Some countries (mainly European and North American) have been allocated sufficient 24-bit ID space (32,768 and above) where they can define an algorithmic mapping from tail number to 24-bit ID. For example, the US has a (unique) algorithmic scheme, as do Australia, Canada, Germany and France.
Other countries, perhaps later adopters of Mode S SSR, have adopted more standard schemes for packing a tail number into a Mode S ID, including the following approaches:
For this particular encoding, it's dead simple to decode. Most countries share the same character set used for the 5-bit encoding: '?ABCDEFGHIJKLMNOPQRSTUVWXYZ?????'.
We'll walk through this with a sample aircraft ID of 0x448421. Looking through the list of country prefixes, we find the leading bits match up with Belgium, which is allocated the binary prefix 0100 01 001, or 0x448000 through 0x44FFFF. Great! We know that Belgian planes have the tail number prefix OO-.
To decode the suffix, let's mask off the bottom 15 bits: 0x0421, or 000 0100 0010 0001. It's a little clearer when we rearrange into 5-bit groups: 00001 00001 00001.
Looking up each of those 5-bit groups into our table, we get a suffix of AAA, making for a tail number of OO-AAA. Too easy!
This is perhaps a smidge harder to show visually, but just as easy to decode as the 5-bit format above. Let's try this out with a tail number of 0x471F7E. Again referring to the country prefix list, we find that Hungary has been allocated the 9-bit prefix of 0x470___, and we know Hungarian tail numbers start with a HA-.
Instead of a divide-by-32 approach that we took with the 5-bit suffixes, we'll need to divide by 26 for this tail number. First, find the offset within the Hungary block, by subtracting 0x470000 from the 24-bit ID. This leaves us with 0x1F7E, or 8062 in decimal.
floor(8062 / (26 * 26)) = 11
floor(8062 / 26) % 26 = 24
8062 % 26 = 2
From this, we can consult our friendly Latin alphabet, and look at the (zero-indexed) letter for each calculation. 11 is L, 24 is Y, 2 is C, leaving us with HA-LYC.

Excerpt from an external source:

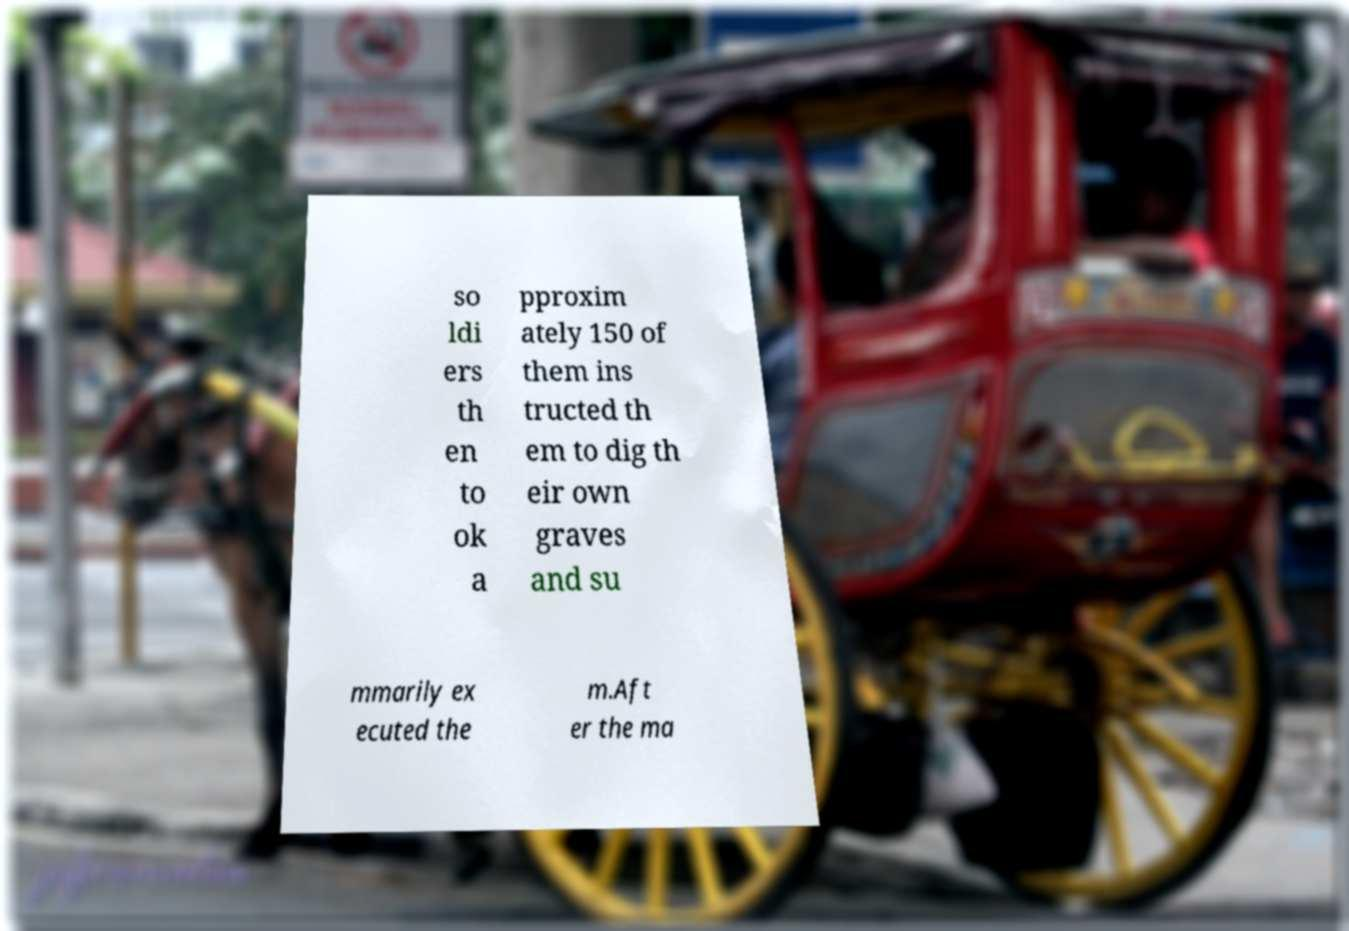Can you read and provide the text displayed in the image?This photo seems to have some interesting text. Can you extract and type it out for me? so ldi ers th en to ok a pproxim ately 150 of them ins tructed th em to dig th eir own graves and su mmarily ex ecuted the m.Aft er the ma

Not all aircraft regulators manage their address block in the same manner, so you'll see different countries using different base offsets, depending on the size of their ICAO24 address block and the way they allocate tail numbers. If you have 3 or 4 tail numbers from a country and their corresponding ICAO24 addresses, you can confirm whether they have a common base address for the tail number, and whether there is a consistent scale between each tail number (typically 1:1).

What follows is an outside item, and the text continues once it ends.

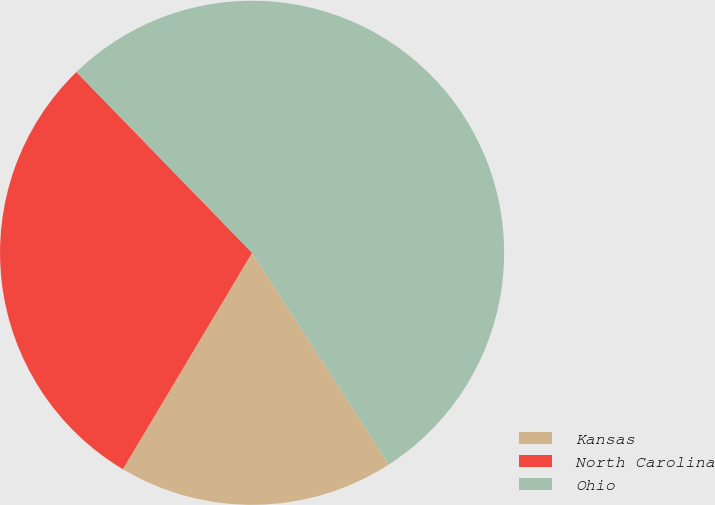Convert chart to OTSL. <chart><loc_0><loc_0><loc_500><loc_500><pie_chart><fcel>Kansas<fcel>North Carolina<fcel>Ohio<nl><fcel>17.7%<fcel>29.16%<fcel>53.13%<nl></chart>

For this example, let's use North Korea, who we (experimentally) have determined start their addresses at tail number 0 = address 0x727530. We know their tail number prefix is P-, so to decode 0x7277D0, we'll subtract 0x727530.. which leaves us with 0x2A0, or P-672. Easy!

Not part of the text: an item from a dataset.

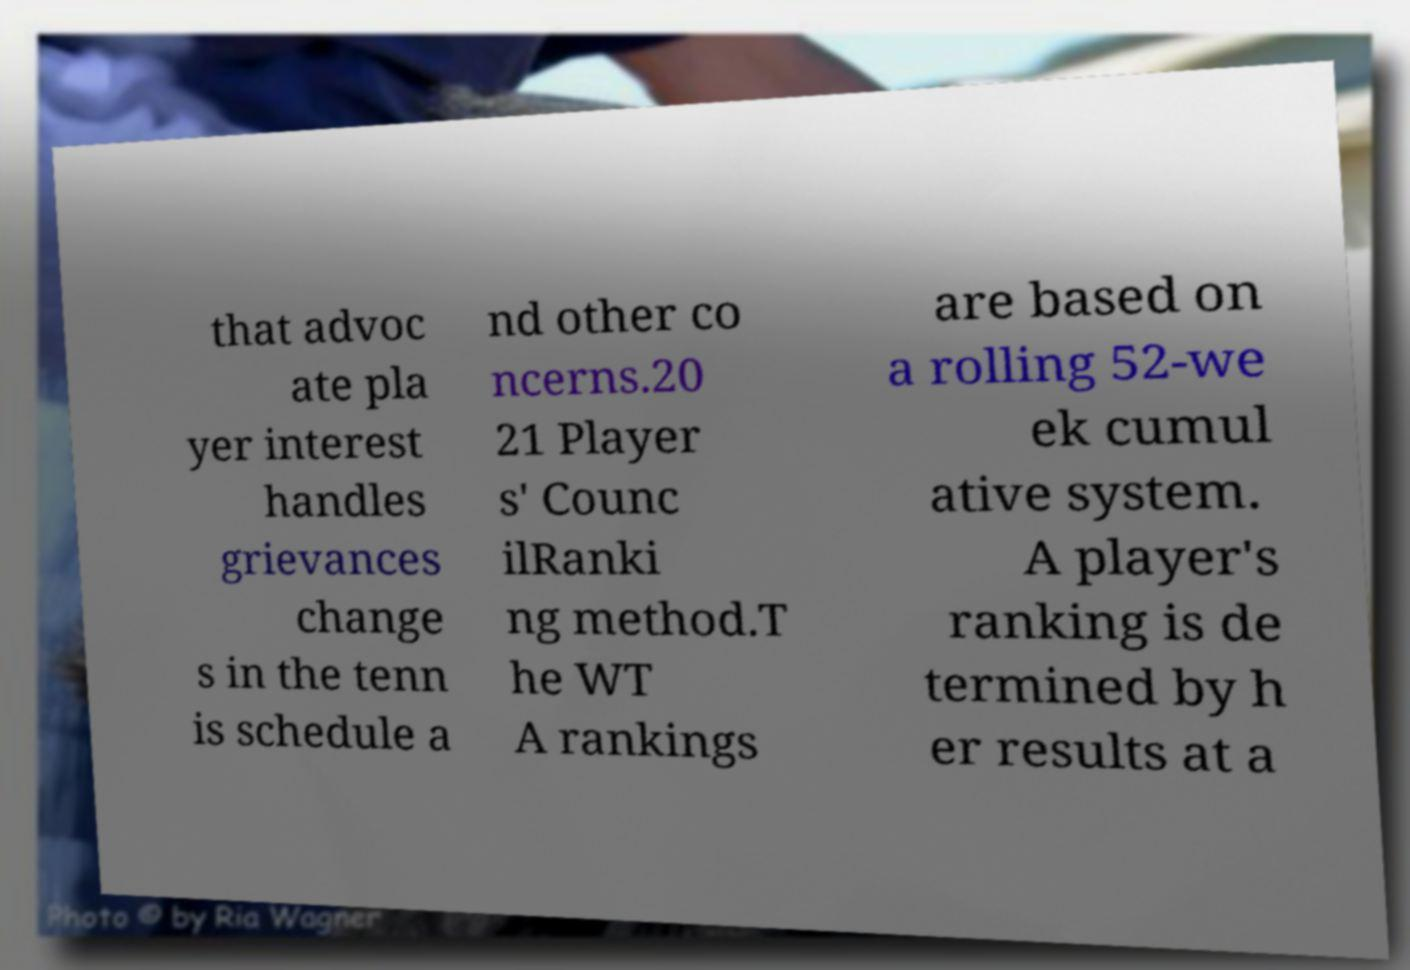Could you extract and type out the text from this image? that advoc ate pla yer interest handles grievances change s in the tenn is schedule a nd other co ncerns.20 21 Player s' Counc ilRanki ng method.T he WT A rankings are based on a rolling 52-we ek cumul ative system. A player's ranking is de termined by h er results at a

Take a quick look at the ADJS-B library if you're interested in decoding other countries' ICAO24 IDs, including Australia, Belgium, Canada, Switzerland, Germany, Denmark, Finland, France, Greece, Hungary, Japan, North Korea, South Korea, Portugal, Romania, Russia, Sweden, Thailand, Turkey, the US and South Africa.
One quick word of warning, though: these mappings were (mostly) determined experimentally, as very few countries publish their address-to-tail-number algorithms. And many countries don't actually have a static mapping – they generate seemingly-random IDs that are assigned to an aircraft, rather than rely on a static, algorithmic mapping between the two.